I was told by the CNO that it would be a verbal first warning (although it is written on triplicate)and put in my chart there. I was told that if anyhting similar ever happens it will be grounds for immediate termination. Thank you for your encouragement as I truly do not know what to do at this point. The charge nurse that this is stemming from disscouraged me to go to this dept in the first place, and another nurse in the dept. told me"How are you doing? I hope good since we are known for eating our young in this dept....The rest of the unit tells me that they need a person like me there to boost morale, but I just don't know after this. I am by far a quitter, I just dont want to be tossed under the bus again or know that I am being trained wrong.

All I can say is, What the heck? I have struggled to get here in the worst way, me and my family have gone without. My husband, children and family have been so supportive and now this? I have literally worked as a new grad 10 days on the floor. My heart is heavy and I am stressed, I just feel wronged and so confused. Thank you for your words of wisdom and encouragment....I really appreciate them:confused:

Call me crazy, but....couldn't the doc just slap a dressing on? Give me a break.

Specializes in Oncology/Haemetology/HIV.

First, why did the MD not put the gauze on it? If he had the time to pull the drain, hesurely had the time to dress the room. And you do not pull a drain without having a wad of gauze to apply to the wound immediately.

Second, why did the charge nurse not do it themselves. Or object to having an unauthorized procedure done in an unoccupied room, rather than a proper exam room.
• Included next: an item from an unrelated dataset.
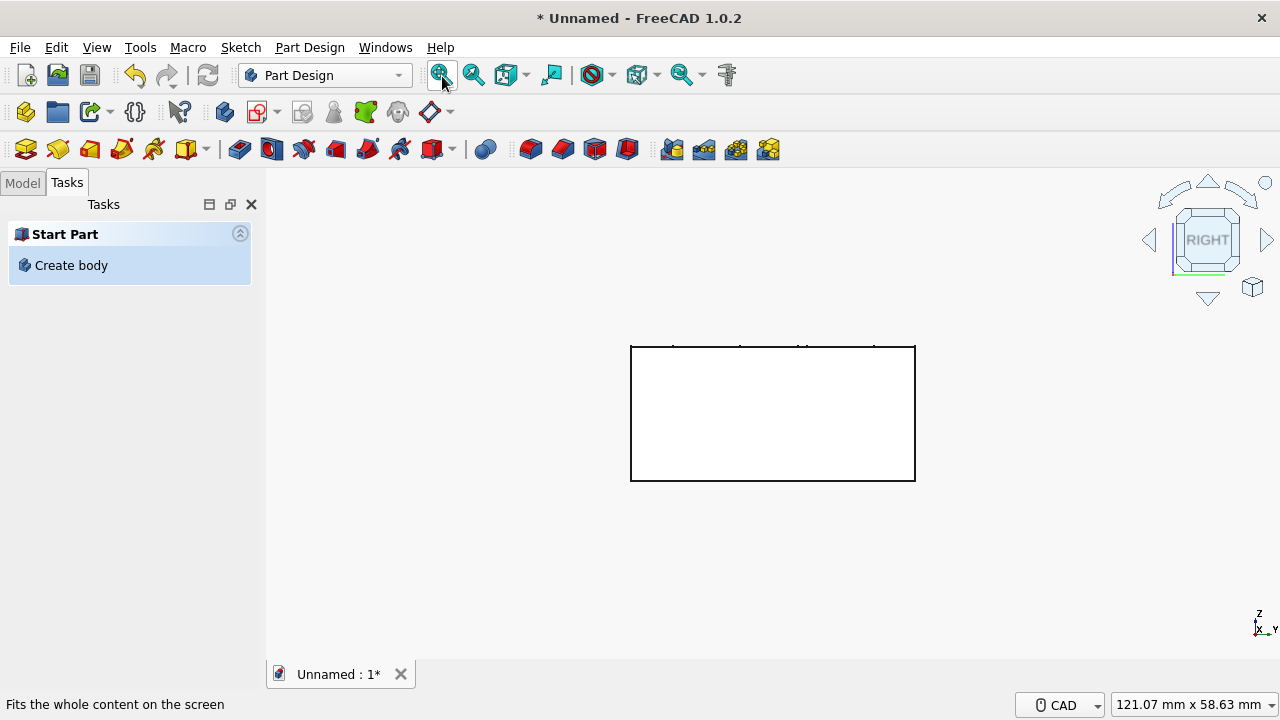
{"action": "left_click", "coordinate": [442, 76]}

Third, how did this come to the CNO's attention and why? Were there complications that came up after the undocumented procedure that have legal implications?

Fourth, a problem with doing these things is there is no record, if there complications. And also that it sets a bad precedent. Once you start doing things " just this once", because the "MD is busy" or in a hurry, or "doing a favor" for the pt, it starts becoming a habit and frequent. Then other nurses are expected by the MD to do these things that are often not good practice.

Take my advice and try to stay away from setting such "precedents".

Yes, you are being thrown under the bus, in place of the MD and the charge and whom ever permitted the MD to use an unoccupied room to do this.